- Activity -
Take the entries that follow and return exactly the lines from the one holding "Give a very brief answer. 0.83." through the one holding "Provide a short and direct response. 1.", both included. Nothing else is needed.
(Input for this task Opens)
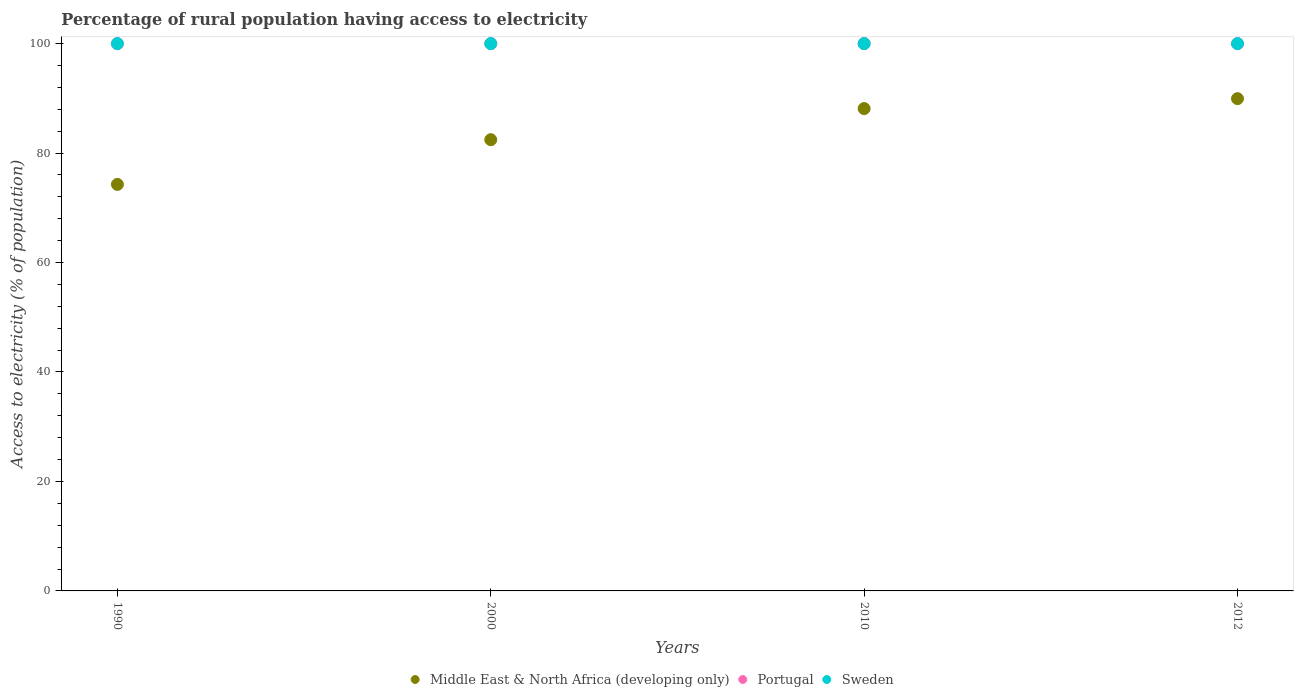Is the number of dotlines equal to the number of legend labels?
Offer a terse response. Yes. What is the percentage of rural population having access to electricity in Portugal in 1990?
Your response must be concise. 100. Across all years, what is the maximum percentage of rural population having access to electricity in Middle East & North Africa (developing only)?
Provide a short and direct response. 89.94. Across all years, what is the minimum percentage of rural population having access to electricity in Sweden?
Provide a short and direct response. 100. In which year was the percentage of rural population having access to electricity in Sweden maximum?
Keep it short and to the point. 1990. In which year was the percentage of rural population having access to electricity in Sweden minimum?
Your answer should be compact. 1990. What is the total percentage of rural population having access to electricity in Sweden in the graph?
Provide a succinct answer. 400. What is the difference between the percentage of rural population having access to electricity in Middle East & North Africa (developing only) in 2000 and that in 2010?
Offer a very short reply. -5.68. What is the difference between the percentage of rural population having access to electricity in Middle East & North Africa (developing only) in 2000 and the percentage of rural population having access to electricity in Portugal in 1990?
Provide a short and direct response. -17.55. In the year 2010, what is the difference between the percentage of rural population having access to electricity in Sweden and percentage of rural population having access to electricity in Portugal?
Provide a succinct answer. 0. In how many years, is the percentage of rural population having access to electricity in Middle East & North Africa (developing only) greater than 48 %?
Your response must be concise. 4. What is the ratio of the percentage of rural population having access to electricity in Portugal in 2000 to that in 2010?
Your response must be concise. 1. Is the percentage of rural population having access to electricity in Middle East & North Africa (developing only) in 2010 less than that in 2012?
Your answer should be compact. Yes. Is the difference between the percentage of rural population having access to electricity in Sweden in 1990 and 2000 greater than the difference between the percentage of rural population having access to electricity in Portugal in 1990 and 2000?
Offer a very short reply. No. What is the difference between the highest and the lowest percentage of rural population having access to electricity in Portugal?
Your answer should be compact. 0. In how many years, is the percentage of rural population having access to electricity in Sweden greater than the average percentage of rural population having access to electricity in Sweden taken over all years?
Offer a very short reply. 0. Is it the case that in every year, the sum of the percentage of rural population having access to electricity in Sweden and percentage of rural population having access to electricity in Middle East & North Africa (developing only)  is greater than the percentage of rural population having access to electricity in Portugal?
Your response must be concise. Yes. Does the percentage of rural population having access to electricity in Sweden monotonically increase over the years?
Keep it short and to the point. No. Is the percentage of rural population having access to electricity in Portugal strictly less than the percentage of rural population having access to electricity in Sweden over the years?
Give a very brief answer. No. What is the difference between two consecutive major ticks on the Y-axis?
Your response must be concise. 20. Does the graph contain grids?
Make the answer very short. No. How many legend labels are there?
Make the answer very short. 3. How are the legend labels stacked?
Your answer should be very brief. Horizontal. What is the title of the graph?
Offer a terse response. Percentage of rural population having access to electricity. What is the label or title of the X-axis?
Keep it short and to the point. Years. What is the label or title of the Y-axis?
Give a very brief answer. Access to electricity (% of population). What is the Access to electricity (% of population) in Middle East & North Africa (developing only) in 1990?
Keep it short and to the point. 74.28. What is the Access to electricity (% of population) of Middle East & North Africa (developing only) in 2000?
Make the answer very short. 82.45. What is the Access to electricity (% of population) of Portugal in 2000?
Keep it short and to the point. 100. What is the Access to electricity (% of population) of Sweden in 2000?
Your answer should be compact. 100. What is the Access to electricity (% of population) of Middle East & North Africa (developing only) in 2010?
Offer a terse response. 88.13. What is the Access to electricity (% of population) of Sweden in 2010?
Your answer should be compact. 100. What is the Access to electricity (% of population) in Middle East & North Africa (developing only) in 2012?
Provide a short and direct response. 89.94. What is the Access to electricity (% of population) in Portugal in 2012?
Your response must be concise. 100. What is the Access to electricity (% of population) in Sweden in 2012?
Offer a very short reply. 100. Across all years, what is the maximum Access to electricity (% of population) in Middle East & North Africa (developing only)?
Provide a succinct answer. 89.94. Across all years, what is the maximum Access to electricity (% of population) in Portugal?
Keep it short and to the point. 100. Across all years, what is the maximum Access to electricity (% of population) of Sweden?
Ensure brevity in your answer.  100. Across all years, what is the minimum Access to electricity (% of population) of Middle East & North Africa (developing only)?
Offer a very short reply. 74.28. Across all years, what is the minimum Access to electricity (% of population) of Sweden?
Ensure brevity in your answer.  100. What is the total Access to electricity (% of population) in Middle East & North Africa (developing only) in the graph?
Your answer should be compact. 334.8. What is the difference between the Access to electricity (% of population) of Middle East & North Africa (developing only) in 1990 and that in 2000?
Ensure brevity in your answer.  -8.17. What is the difference between the Access to electricity (% of population) in Portugal in 1990 and that in 2000?
Your answer should be compact. 0. What is the difference between the Access to electricity (% of population) in Middle East & North Africa (developing only) in 1990 and that in 2010?
Keep it short and to the point. -13.86. What is the difference between the Access to electricity (% of population) in Middle East & North Africa (developing only) in 1990 and that in 2012?
Provide a short and direct response. -15.67. What is the difference between the Access to electricity (% of population) in Middle East & North Africa (developing only) in 2000 and that in 2010?
Provide a succinct answer. -5.68. What is the difference between the Access to electricity (% of population) of Portugal in 2000 and that in 2010?
Provide a short and direct response. 0. What is the difference between the Access to electricity (% of population) in Middle East & North Africa (developing only) in 2000 and that in 2012?
Your answer should be very brief. -7.5. What is the difference between the Access to electricity (% of population) in Portugal in 2000 and that in 2012?
Offer a very short reply. 0. What is the difference between the Access to electricity (% of population) in Middle East & North Africa (developing only) in 2010 and that in 2012?
Offer a very short reply. -1.81. What is the difference between the Access to electricity (% of population) of Sweden in 2010 and that in 2012?
Provide a succinct answer. 0. What is the difference between the Access to electricity (% of population) of Middle East & North Africa (developing only) in 1990 and the Access to electricity (% of population) of Portugal in 2000?
Offer a very short reply. -25.72. What is the difference between the Access to electricity (% of population) in Middle East & North Africa (developing only) in 1990 and the Access to electricity (% of population) in Sweden in 2000?
Provide a succinct answer. -25.72. What is the difference between the Access to electricity (% of population) in Middle East & North Africa (developing only) in 1990 and the Access to electricity (% of population) in Portugal in 2010?
Offer a terse response. -25.72. What is the difference between the Access to electricity (% of population) in Middle East & North Africa (developing only) in 1990 and the Access to electricity (% of population) in Sweden in 2010?
Provide a short and direct response. -25.72. What is the difference between the Access to electricity (% of population) of Middle East & North Africa (developing only) in 1990 and the Access to electricity (% of population) of Portugal in 2012?
Provide a short and direct response. -25.72. What is the difference between the Access to electricity (% of population) of Middle East & North Africa (developing only) in 1990 and the Access to electricity (% of population) of Sweden in 2012?
Offer a very short reply. -25.72. What is the difference between the Access to electricity (% of population) of Portugal in 1990 and the Access to electricity (% of population) of Sweden in 2012?
Offer a very short reply. 0. What is the difference between the Access to electricity (% of population) of Middle East & North Africa (developing only) in 2000 and the Access to electricity (% of population) of Portugal in 2010?
Give a very brief answer. -17.55. What is the difference between the Access to electricity (% of population) of Middle East & North Africa (developing only) in 2000 and the Access to electricity (% of population) of Sweden in 2010?
Provide a succinct answer. -17.55. What is the difference between the Access to electricity (% of population) in Portugal in 2000 and the Access to electricity (% of population) in Sweden in 2010?
Your response must be concise. 0. What is the difference between the Access to electricity (% of population) in Middle East & North Africa (developing only) in 2000 and the Access to electricity (% of population) in Portugal in 2012?
Make the answer very short. -17.55. What is the difference between the Access to electricity (% of population) in Middle East & North Africa (developing only) in 2000 and the Access to electricity (% of population) in Sweden in 2012?
Provide a succinct answer. -17.55. What is the difference between the Access to electricity (% of population) in Middle East & North Africa (developing only) in 2010 and the Access to electricity (% of population) in Portugal in 2012?
Ensure brevity in your answer.  -11.87. What is the difference between the Access to electricity (% of population) in Middle East & North Africa (developing only) in 2010 and the Access to electricity (% of population) in Sweden in 2012?
Your answer should be very brief. -11.87. What is the difference between the Access to electricity (% of population) of Portugal in 2010 and the Access to electricity (% of population) of Sweden in 2012?
Offer a terse response. 0. What is the average Access to electricity (% of population) of Middle East & North Africa (developing only) per year?
Ensure brevity in your answer.  83.7. What is the average Access to electricity (% of population) of Portugal per year?
Your answer should be compact. 100. In the year 1990, what is the difference between the Access to electricity (% of population) of Middle East & North Africa (developing only) and Access to electricity (% of population) of Portugal?
Offer a very short reply. -25.72. In the year 1990, what is the difference between the Access to electricity (% of population) in Middle East & North Africa (developing only) and Access to electricity (% of population) in Sweden?
Offer a terse response. -25.72. In the year 1990, what is the difference between the Access to electricity (% of population) in Portugal and Access to electricity (% of population) in Sweden?
Your answer should be very brief. 0. In the year 2000, what is the difference between the Access to electricity (% of population) in Middle East & North Africa (developing only) and Access to electricity (% of population) in Portugal?
Give a very brief answer. -17.55. In the year 2000, what is the difference between the Access to electricity (% of population) in Middle East & North Africa (developing only) and Access to electricity (% of population) in Sweden?
Your answer should be very brief. -17.55. In the year 2000, what is the difference between the Access to electricity (% of population) of Portugal and Access to electricity (% of population) of Sweden?
Ensure brevity in your answer.  0. In the year 2010, what is the difference between the Access to electricity (% of population) in Middle East & North Africa (developing only) and Access to electricity (% of population) in Portugal?
Your response must be concise. -11.87. In the year 2010, what is the difference between the Access to electricity (% of population) in Middle East & North Africa (developing only) and Access to electricity (% of population) in Sweden?
Offer a very short reply. -11.87. In the year 2010, what is the difference between the Access to electricity (% of population) in Portugal and Access to electricity (% of population) in Sweden?
Offer a very short reply. 0. In the year 2012, what is the difference between the Access to electricity (% of population) of Middle East & North Africa (developing only) and Access to electricity (% of population) of Portugal?
Your answer should be compact. -10.06. In the year 2012, what is the difference between the Access to electricity (% of population) in Middle East & North Africa (developing only) and Access to electricity (% of population) in Sweden?
Offer a very short reply. -10.06. What is the ratio of the Access to electricity (% of population) in Middle East & North Africa (developing only) in 1990 to that in 2000?
Provide a short and direct response. 0.9. What is the ratio of the Access to electricity (% of population) of Sweden in 1990 to that in 2000?
Ensure brevity in your answer.  1. What is the ratio of the Access to electricity (% of population) in Middle East & North Africa (developing only) in 1990 to that in 2010?
Make the answer very short. 0.84. What is the ratio of the Access to electricity (% of population) of Portugal in 1990 to that in 2010?
Give a very brief answer. 1. What is the ratio of the Access to electricity (% of population) in Middle East & North Africa (developing only) in 1990 to that in 2012?
Give a very brief answer. 0.83. What is the ratio of the Access to electricity (% of population) in Portugal in 1990 to that in 2012?
Provide a succinct answer. 1. What is the ratio of the Access to electricity (% of population) of Middle East & North Africa (developing only) in 2000 to that in 2010?
Ensure brevity in your answer.  0.94. What is the ratio of the Access to electricity (% of population) of Sweden in 2000 to that in 2010?
Ensure brevity in your answer.  1. What is the ratio of the Access to electricity (% of population) of Portugal in 2000 to that in 2012?
Provide a short and direct response. 1. What is the ratio of the Access to electricity (% of population) in Sweden in 2000 to that in 2012?
Make the answer very short. 1. What is the ratio of the Access to electricity (% of population) of Middle East & North Africa (developing only) in 2010 to that in 2012?
Offer a very short reply. 0.98. What is the ratio of the Access to electricity (% of population) of Portugal in 2010 to that in 2012?
Your response must be concise. 1. What is the ratio of the Access to electricity (% of population) of Sweden in 2010 to that in 2012?
Make the answer very short. 1. What is the difference between the highest and the second highest Access to electricity (% of population) of Middle East & North Africa (developing only)?
Provide a succinct answer. 1.81. What is the difference between the highest and the second highest Access to electricity (% of population) in Sweden?
Make the answer very short. 0. What is the difference between the highest and the lowest Access to electricity (% of population) of Middle East & North Africa (developing only)?
Make the answer very short. 15.67.
(Input for this task Closes)
- Solution for this task -
Give a very brief answer. 0.83. What is the ratio of the Access to electricity (% of population) in Portugal in 1990 to that in 2012?
Provide a succinct answer. 1. What is the ratio of the Access to electricity (% of population) of Middle East & North Africa (developing only) in 2000 to that in 2010?
Ensure brevity in your answer.  0.94. What is the ratio of the Access to electricity (% of population) of Sweden in 2000 to that in 2010?
Ensure brevity in your answer.  1. What is the ratio of the Access to electricity (% of population) of Portugal in 2000 to that in 2012?
Provide a short and direct response. 1. What is the ratio of the Access to electricity (% of population) in Sweden in 2000 to that in 2012?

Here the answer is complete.